A dependência da Venezuela dos bens importados será uma grande dor de cabeça para o presidente Nicolás Maduro, o sucessor de Chávez. Os cofres do Estado estão no limite. O déficit orçamentário chegou a 12% do PIB em 2012, segundo analistas, proporção maior que a de economias em crise da zona do euro, como a Grécia ou a Espanha. A inflação subiu para uma taxa anualizada de 42,6% em julho.

Maduro, como Chávez, culpa as empresas privadas pela escassez de alimentos, acusando-as de estocar mercadoria e promover uma “guerra econômica” contra o governo, o que as poucas empresas privadas remanescentes negam.

Maduro agiu para tornar mais dólares disponíveis para os importadores – o que poderia ajudar agricultores a se abastecerem no exterior. Em maio, em um movimento extremamente simbólico, ele estendeu a mão para o principal executivo da maior empresa privada de alimentos da Venezuela, propondo uma parceria em questões alimentares.

O petróleo, o único produto de exportação forte que a Venezuela tem, responde por cerca de metade da receita do governo. Se o preço do petróleo cair dos atuais US$ 105 para US$ 90 o barril por um ano, o governo teria de reduzir as importações, diz David Rees, especialista em mercados emergentes da Capital Economics, em Londres. “Isso teria consequências terríveis em relação a tudo, especialmente alimentos.”

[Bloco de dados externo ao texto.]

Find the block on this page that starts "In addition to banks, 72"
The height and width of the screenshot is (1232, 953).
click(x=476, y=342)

Além da agricultura, a produção industrial da Venezuela vem titubeando desde 2006, quando a Venezuela informou que iria adotar um modelo de desenvolvimento autossuficiente, desinteressado dos lucros e com foco em cooperativas. O governo assumiu o controle de uma parte significativa de indústrias importantes, incluindo a do aço e do cimento.

“Perdemos nossa soberania nacional no aço, alumínio e bauxita. É uma vergonha”, diz Damian Prat, autor de um livro sobre a indústria venezuelana. A produção de bauxita, um ingrediente-chave do alumínio, caiu 70% entre 2007 e 2012, calcula. Essa perda tem representado ganhos para outros. As exportações do Brasil para a Venezuela subiram para US$ 5,1 bilhões em 2012, ante US$ 800 milhões dez anos atrás, segundo a Associação de Comércio Exterior do Brasil. “Neste momento, temos muito pouca concorrência” dentro da Venezuela, diz José Augusto de Castro, presidente da associação.

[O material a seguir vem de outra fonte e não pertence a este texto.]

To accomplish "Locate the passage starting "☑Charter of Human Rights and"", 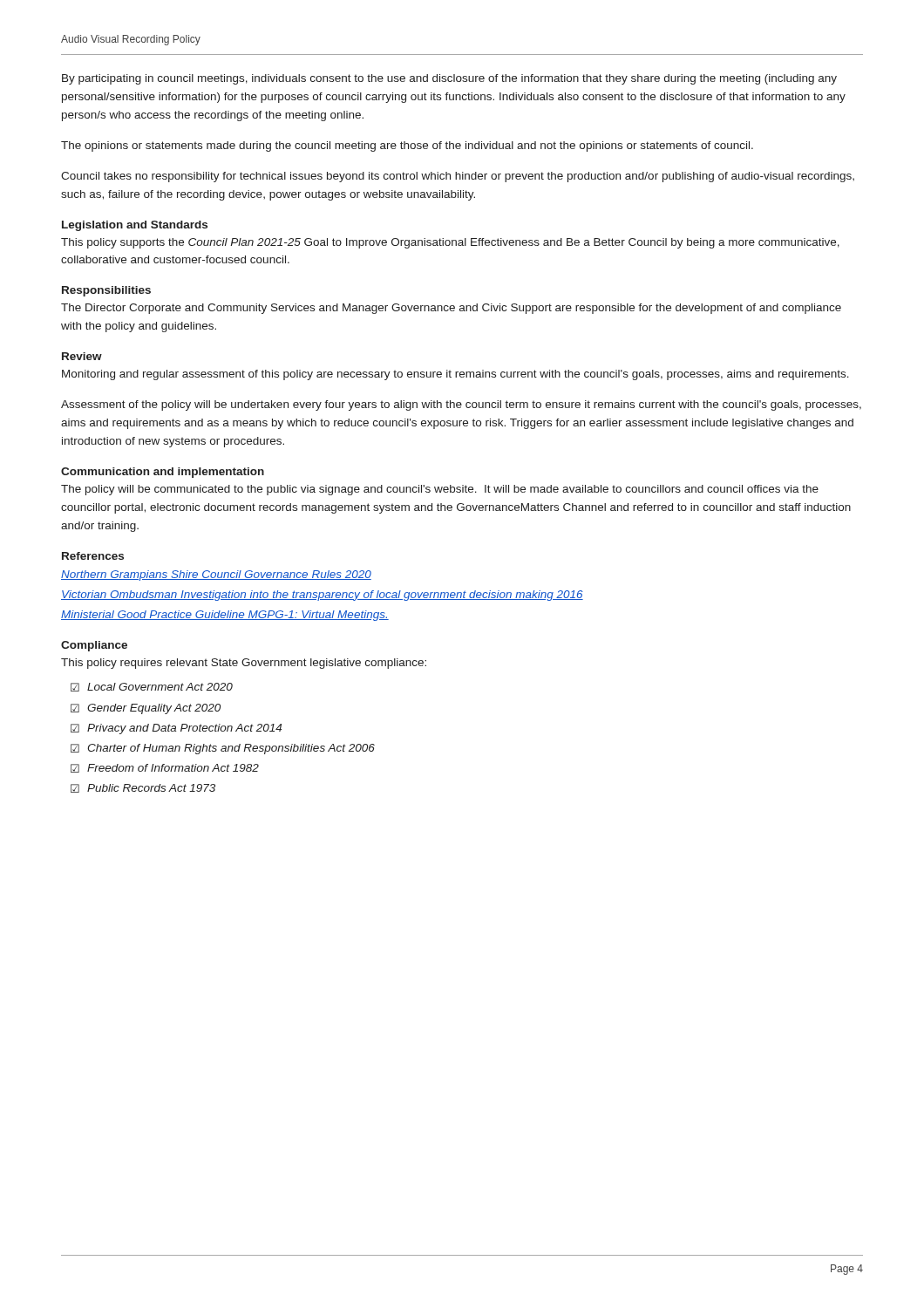I will [222, 748].

Entre os grandes beneficiários das políticas de Chávez está Orlicek e outros produtores dos EUA. Orlicek, que cresceu numa família de agricultores, foi trabalhar na fazenda do sogro depois que se casou. Graças às fortes exportações e à alta de preços, a propriedade de Orlicek conta hoje com a mais alta tecnologia. Seus tratores, que custam em torno de US$ 230.000 cada, têm sistemas de GPS de US$ 15.000 que podem até dirigir as máquinas.

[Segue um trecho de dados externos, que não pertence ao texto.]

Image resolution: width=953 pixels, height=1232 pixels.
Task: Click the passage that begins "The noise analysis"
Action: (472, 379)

Há alguns anos, à medida que subiam os lucros de exportação, ele começou a nivelar seus 325 hectares de campos de arroz utilizando a tecnologia laser. O processo custa quase US$ 800 por hectare, mas promete economizar água de irrigação e elevar a produção em cerca de 20%.

“Quero cuidar dessa terra para que as gerações futuras possam produzir arroz nela”, diz Orlicek.

O agricultor reconhece que se beneficiou de políticas socialistas da Venezuela. Mas é solidário com os agricultores venezuelanos.

Chávez “realmente destruiu” a agricultura do país, diz. “Gostaria de vê-la voltar e tenho certeza que os agricultores de lá também.”